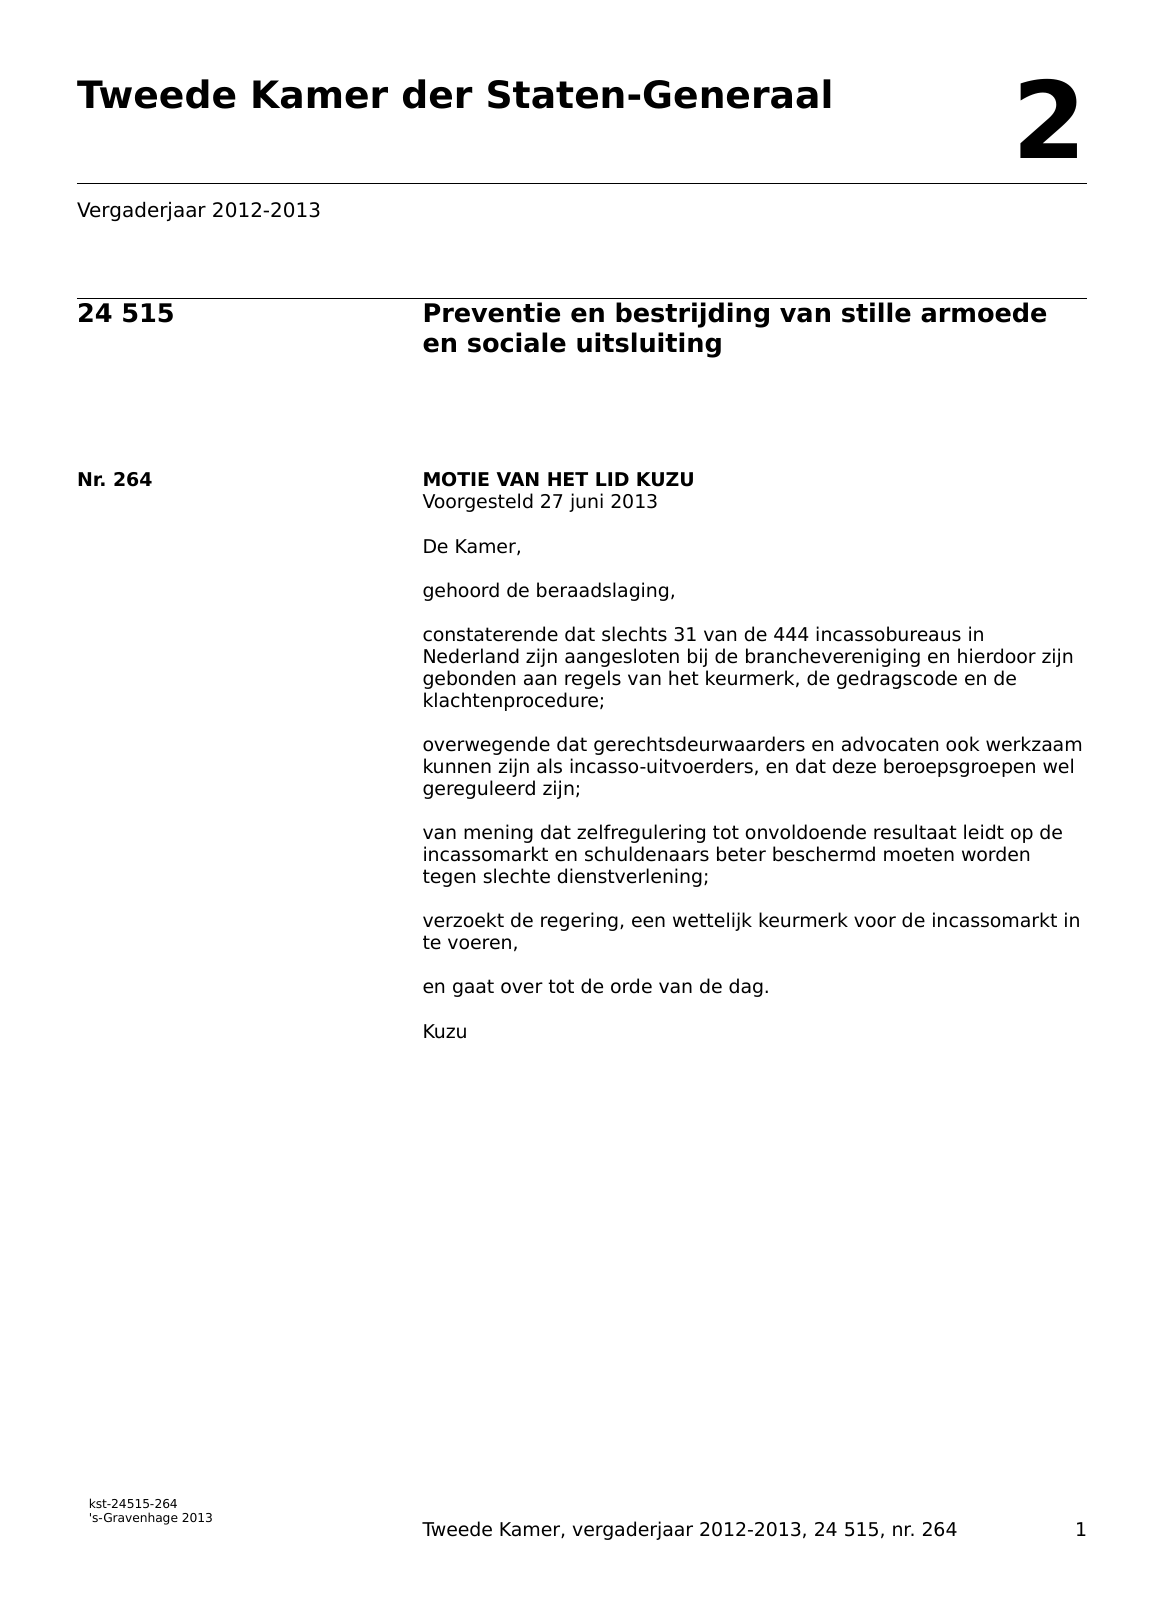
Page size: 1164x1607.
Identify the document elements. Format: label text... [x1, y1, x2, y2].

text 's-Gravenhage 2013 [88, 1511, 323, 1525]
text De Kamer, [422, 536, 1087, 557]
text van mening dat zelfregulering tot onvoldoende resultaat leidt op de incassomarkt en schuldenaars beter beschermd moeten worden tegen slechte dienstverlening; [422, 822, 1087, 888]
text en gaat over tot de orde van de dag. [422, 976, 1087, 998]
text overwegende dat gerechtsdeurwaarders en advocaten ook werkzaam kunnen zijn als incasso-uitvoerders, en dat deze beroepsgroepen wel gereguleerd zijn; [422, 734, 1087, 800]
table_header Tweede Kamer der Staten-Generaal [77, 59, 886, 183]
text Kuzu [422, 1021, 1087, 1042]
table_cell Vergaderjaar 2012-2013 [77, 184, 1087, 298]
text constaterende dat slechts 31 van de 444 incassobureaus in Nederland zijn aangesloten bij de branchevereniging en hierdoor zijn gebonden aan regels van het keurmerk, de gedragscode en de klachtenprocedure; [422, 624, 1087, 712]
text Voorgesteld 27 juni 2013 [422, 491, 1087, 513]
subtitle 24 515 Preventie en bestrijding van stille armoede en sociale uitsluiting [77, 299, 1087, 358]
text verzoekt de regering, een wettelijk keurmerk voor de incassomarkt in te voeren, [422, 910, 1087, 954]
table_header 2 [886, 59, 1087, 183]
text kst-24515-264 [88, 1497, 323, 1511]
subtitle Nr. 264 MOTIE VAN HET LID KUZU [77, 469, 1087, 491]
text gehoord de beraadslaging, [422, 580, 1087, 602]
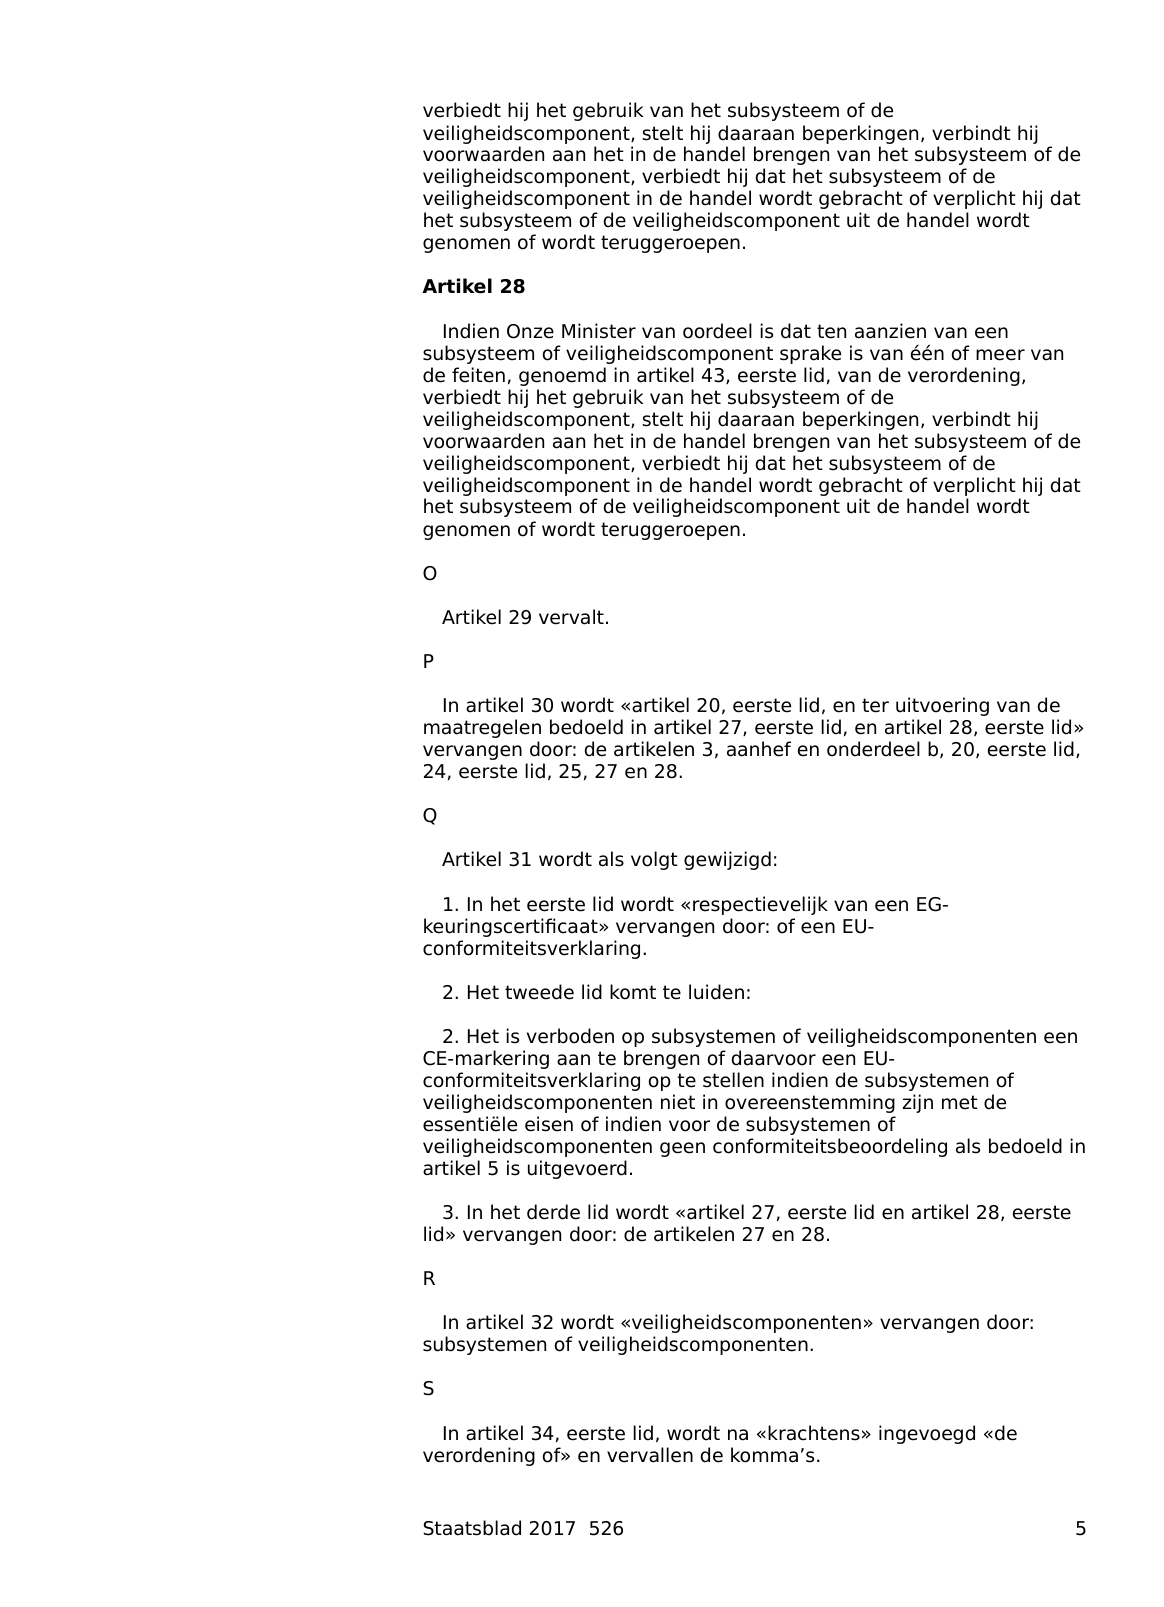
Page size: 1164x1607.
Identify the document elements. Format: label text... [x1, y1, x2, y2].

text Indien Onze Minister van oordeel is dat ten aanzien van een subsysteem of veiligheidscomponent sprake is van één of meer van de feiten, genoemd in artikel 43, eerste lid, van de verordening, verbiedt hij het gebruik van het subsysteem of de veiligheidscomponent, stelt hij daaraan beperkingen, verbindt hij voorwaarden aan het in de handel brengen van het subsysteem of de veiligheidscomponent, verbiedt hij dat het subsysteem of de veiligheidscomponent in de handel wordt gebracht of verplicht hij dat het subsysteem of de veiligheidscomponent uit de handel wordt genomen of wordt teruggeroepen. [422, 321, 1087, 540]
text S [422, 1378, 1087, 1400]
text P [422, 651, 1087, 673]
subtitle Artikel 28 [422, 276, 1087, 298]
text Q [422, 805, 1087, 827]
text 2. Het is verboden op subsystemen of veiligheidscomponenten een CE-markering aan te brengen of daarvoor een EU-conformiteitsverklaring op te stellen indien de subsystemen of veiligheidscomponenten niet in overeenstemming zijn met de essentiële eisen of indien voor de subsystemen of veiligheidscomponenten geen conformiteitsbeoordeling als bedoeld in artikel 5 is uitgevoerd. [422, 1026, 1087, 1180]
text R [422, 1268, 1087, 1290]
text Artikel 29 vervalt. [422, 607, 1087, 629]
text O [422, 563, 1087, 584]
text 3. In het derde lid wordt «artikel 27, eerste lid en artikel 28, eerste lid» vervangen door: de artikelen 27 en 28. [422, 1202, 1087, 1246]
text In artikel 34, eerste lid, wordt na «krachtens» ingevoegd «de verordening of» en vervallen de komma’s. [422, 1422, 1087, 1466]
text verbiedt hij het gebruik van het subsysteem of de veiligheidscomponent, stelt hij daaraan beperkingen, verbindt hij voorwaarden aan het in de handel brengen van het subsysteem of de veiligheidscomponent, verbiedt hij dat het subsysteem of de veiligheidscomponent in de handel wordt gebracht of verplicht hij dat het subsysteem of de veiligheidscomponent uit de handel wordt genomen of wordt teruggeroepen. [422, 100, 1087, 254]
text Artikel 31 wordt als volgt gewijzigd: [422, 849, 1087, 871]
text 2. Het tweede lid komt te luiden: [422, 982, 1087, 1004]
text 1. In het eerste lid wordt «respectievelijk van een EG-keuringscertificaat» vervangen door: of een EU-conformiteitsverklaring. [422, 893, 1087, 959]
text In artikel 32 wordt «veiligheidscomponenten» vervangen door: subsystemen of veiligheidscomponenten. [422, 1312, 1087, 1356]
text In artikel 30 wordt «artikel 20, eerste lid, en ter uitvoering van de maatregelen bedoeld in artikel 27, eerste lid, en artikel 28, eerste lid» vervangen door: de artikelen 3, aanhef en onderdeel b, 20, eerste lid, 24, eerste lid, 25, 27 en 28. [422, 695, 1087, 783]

____________________

Search the listing for the string "artikelen". Copy each line where it turns up.

▶ Response:
text 3. In het derde lid wordt «artikel 27, eerste lid en artikel 28, eerste lid» vervangen door: de artikelen 27 en 28. [422, 1202, 1087, 1246]
text In artikel 30 wordt «artikel 20, eerste lid, en ter uitvoering van de maatregelen bedoeld in artikel 27, eerste lid, en artikel 28, eerste lid» vervangen door: de artikelen 3, aanhef en onderdeel b, 20, eerste lid, 24, eerste lid, 25, 27 en 28. [422, 695, 1087, 783]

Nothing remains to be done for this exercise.